Exercise data
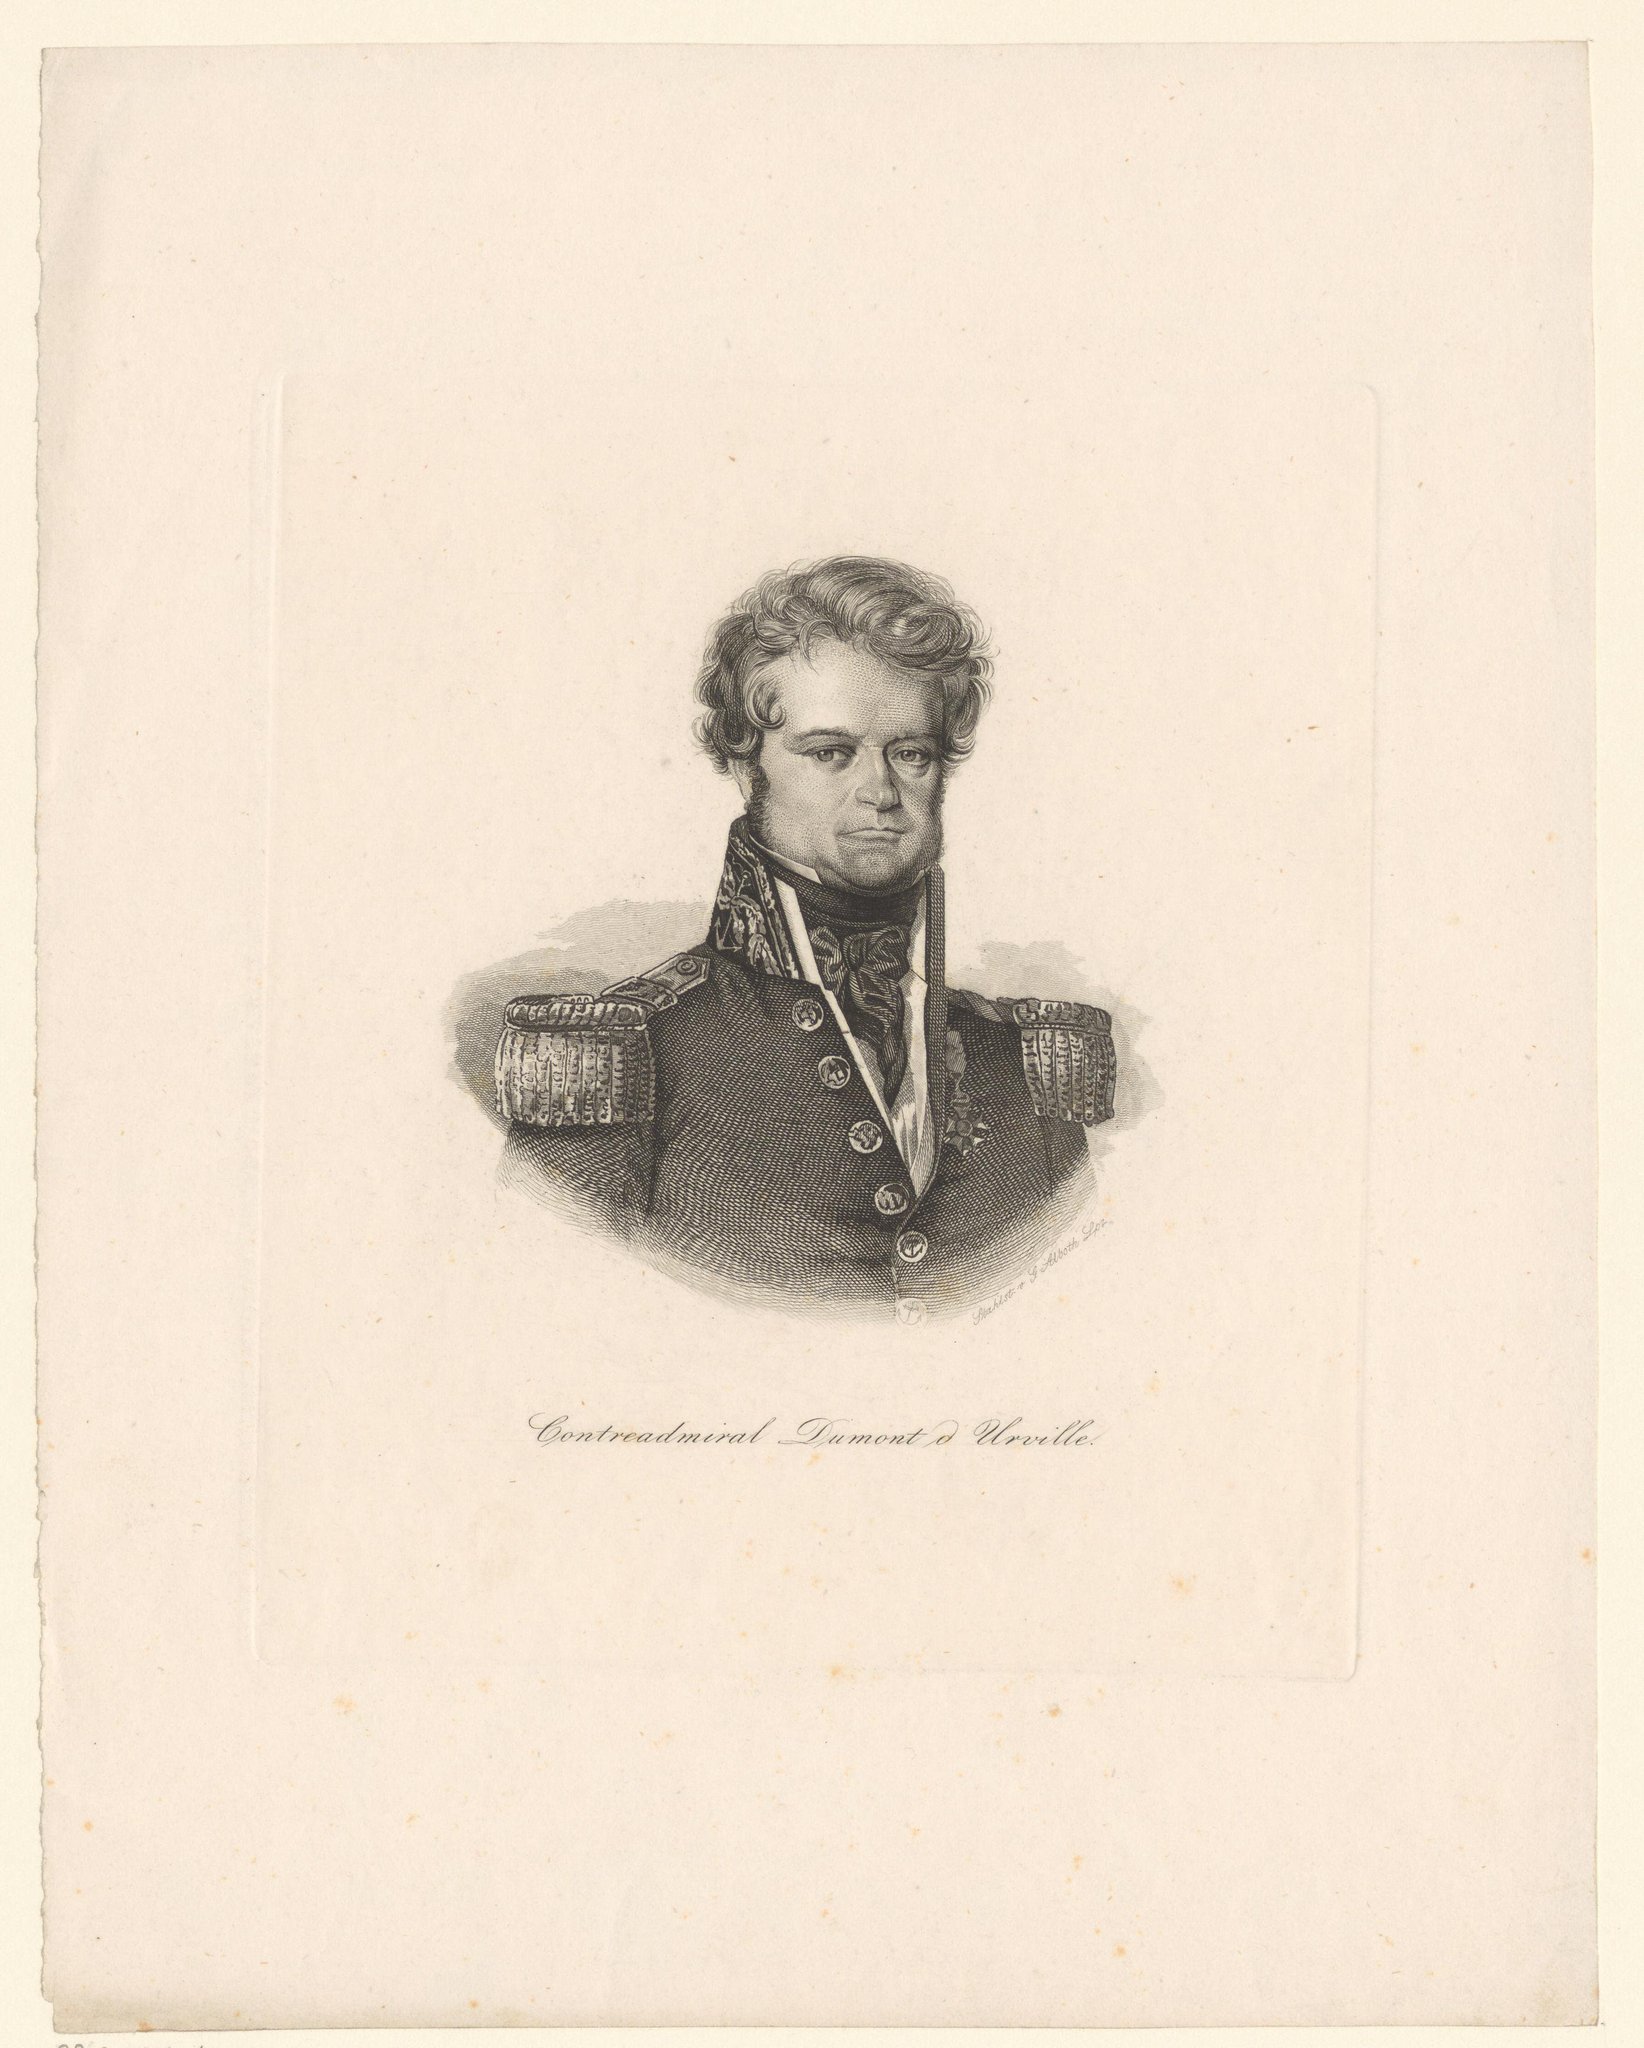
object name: print
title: Portret van Jules Dumont d'Urville
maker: gustav robert alboth
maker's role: print maker, printer
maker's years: 1817-
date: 1827-1910
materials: paper
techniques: etching, engraving
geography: leipzig
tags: historical persons
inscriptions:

Task to carry out
Output the data exactly as it is, with the pictures dropped.

Worked solution
object name: print
title: Portret van Jules Dumont d'Urville
maker: gustav robert alboth
maker's role: print maker, printer
maker's years: 1817-
date: 1827-1910
materials: paper
techniques: etching, engraving
geography: leipzig
tags: historical persons
inscriptions:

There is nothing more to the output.